The distraction wars are undermining the culture wars and the BBC are also culpable. The Corporation-owned UKTV panicked and removed an episode of the sitcom containing racist remarks by that silly old goat of a retired major. This act in itself didn’t come as a shock. After all, no organisation in Britain, possibly the world, is more preoccupied with wanting to be seen to be doing “the right thing”. But that Fawlty Towers was flung on to the pyre – albeit temporarily – was shocking.

Fawlty Towers is more than just the best comedy of all time. In 2015, the 40th anniversary of the first broadcast, it was hailed as “after the NHS, arguably Britain’s greatest achievement since the Second World War”. It is one of the BBC’s crown jewels and should always be treated as such.

Instead, this epic saga of a small man standing 6ft 5in tall, spouting lofty ideals from a low-rated hotel’s reception desk, suddenly found itself standing next to Little Britain, another show booked for a spot of cultural cleansing but a vastly inferior work.

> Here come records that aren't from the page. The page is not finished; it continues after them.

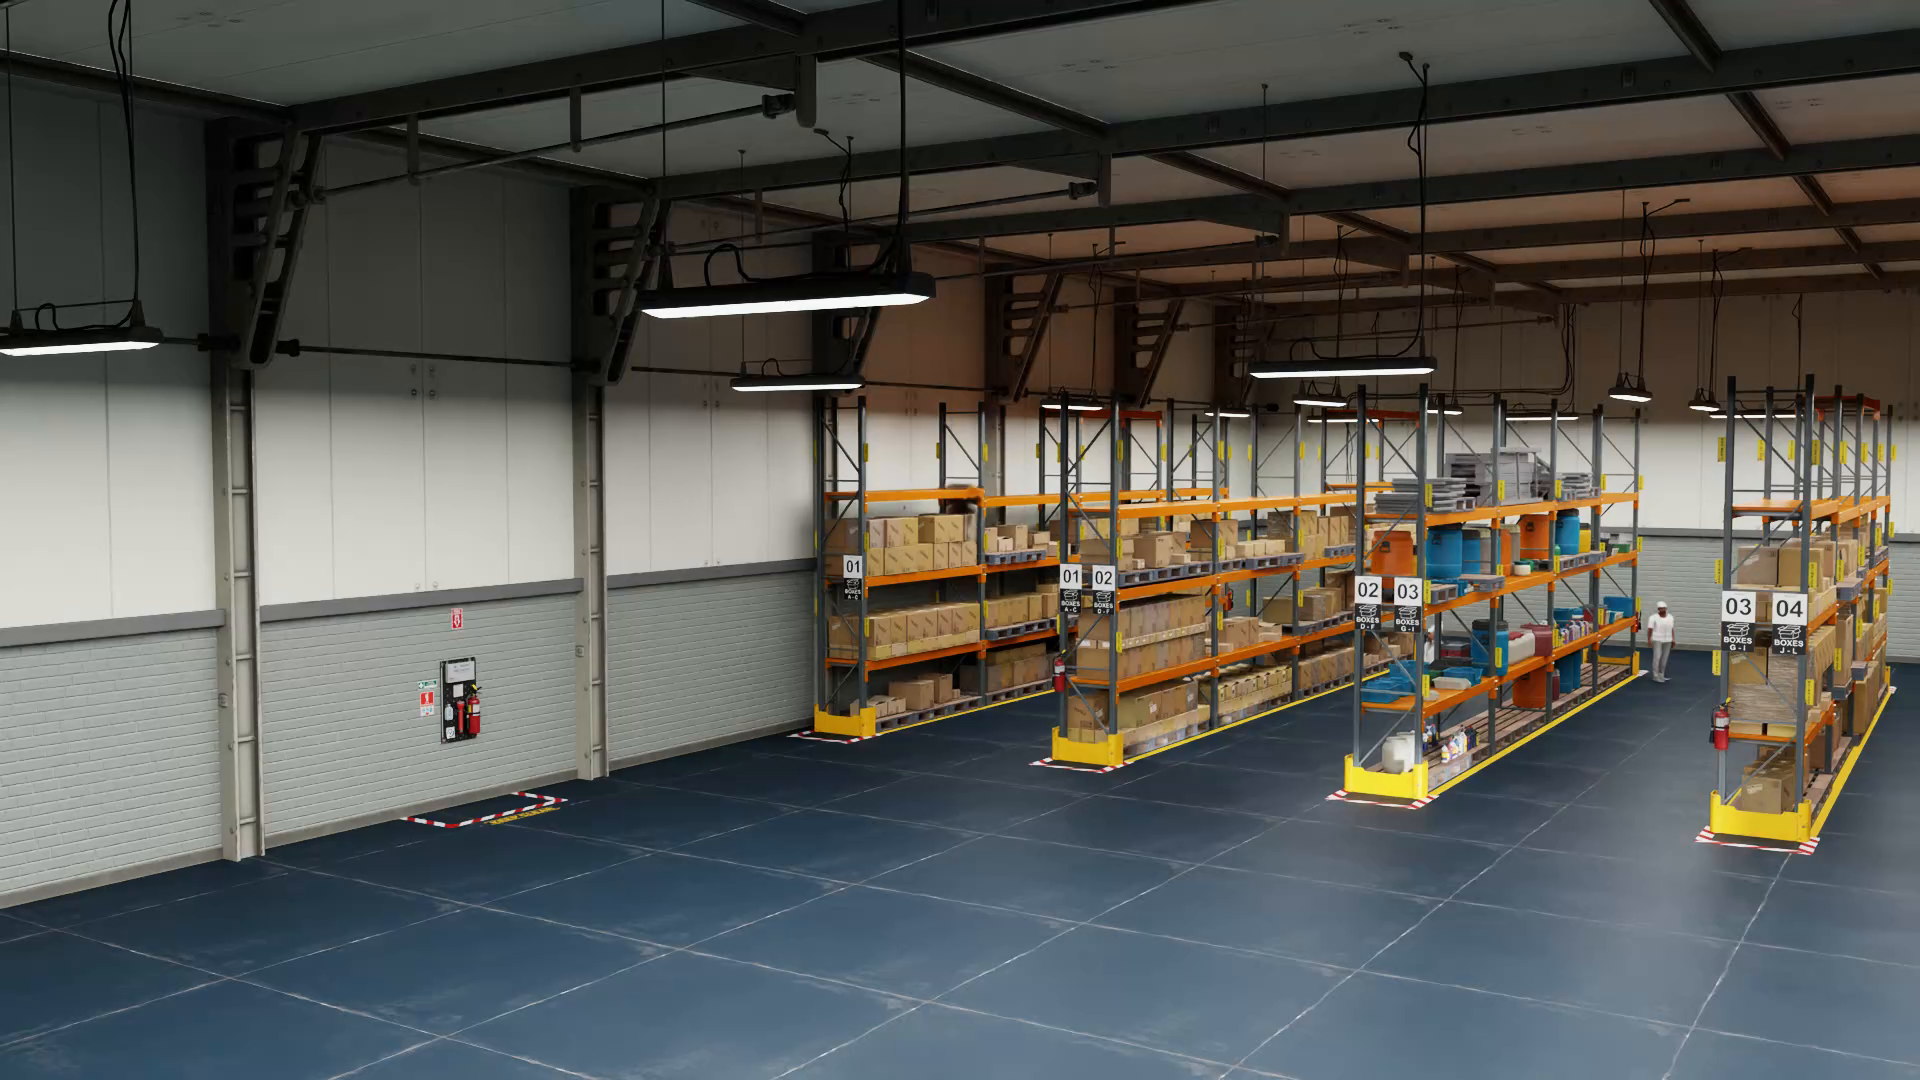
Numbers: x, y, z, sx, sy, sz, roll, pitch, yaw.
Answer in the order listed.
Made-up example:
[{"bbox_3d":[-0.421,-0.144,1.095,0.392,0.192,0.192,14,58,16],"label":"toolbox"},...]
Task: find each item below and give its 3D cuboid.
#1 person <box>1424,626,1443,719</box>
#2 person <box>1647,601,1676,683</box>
[{"bbox_3d":[8.887,2.483,31.421,0.659,1.729,1.026,3,4,42],"label":"person"},{"bbox_3d":[15.380,2.223,36.386,0.610,1.778,0.580,0,3,-1],"label":"person"}]
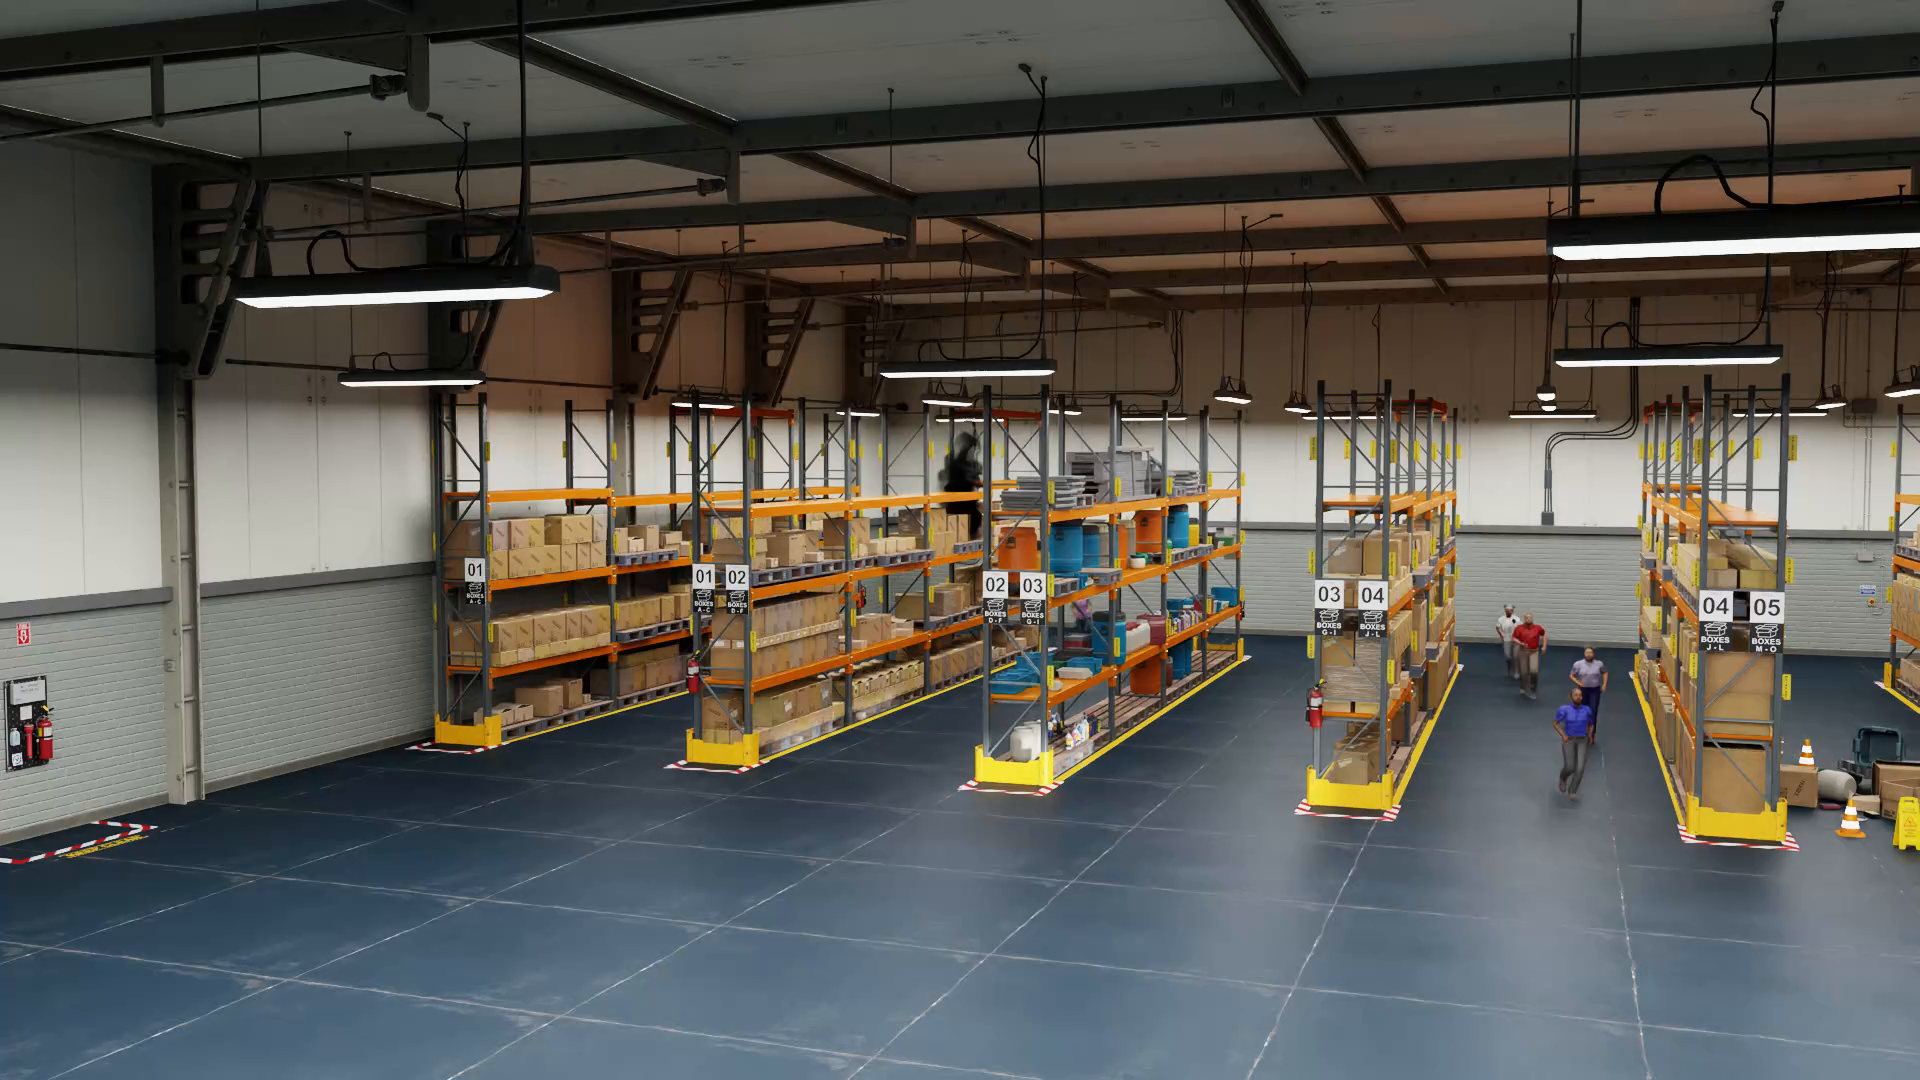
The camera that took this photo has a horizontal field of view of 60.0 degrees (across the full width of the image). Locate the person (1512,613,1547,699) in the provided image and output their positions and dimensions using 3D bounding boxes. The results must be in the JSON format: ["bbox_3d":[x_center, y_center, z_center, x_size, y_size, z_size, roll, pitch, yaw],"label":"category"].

Fawlty Towers was painstakingly written long into many nights with not a single line wasted and ultimately broke up Cleese’s marriage and whole chunks of that diamond dialogue are carried around by fans like personal details on an organ donor card – and yet there it was being lumped along with Love Thy Neighbour.

Fawlty Towers wasn’t just a showcase for Cleese and his Olympic-standard physical comedy and the world-class insults of Basil because every other character including Maj Gowen was brilliantly drawn – but still it was being forced to languish in a holding cell of bad shows out of (goose-) step with the modern world, among them It Ain’t Half Hot Mum and Mind Your Language.

The last-named pair plus Love Thy Neighbour were very much of their time and unlikely ever to be re-shown while Little Britain was a nasty piece of work for which David Walliams and Matt Lucas couldn’t hide behind the excuse that they were working in the grim, old 1970s and didn’t know any better.

The BBC should have had the balls to stand by Fawlty Towers but it was more interested in playing to the political moment and being what it deemed on-trend in the culture wars. Only when Cleese subjected the Corporation to one of Basil’s damn good thrashings, calling it “cowardly, gutless and stupid”, was the episode reinstated.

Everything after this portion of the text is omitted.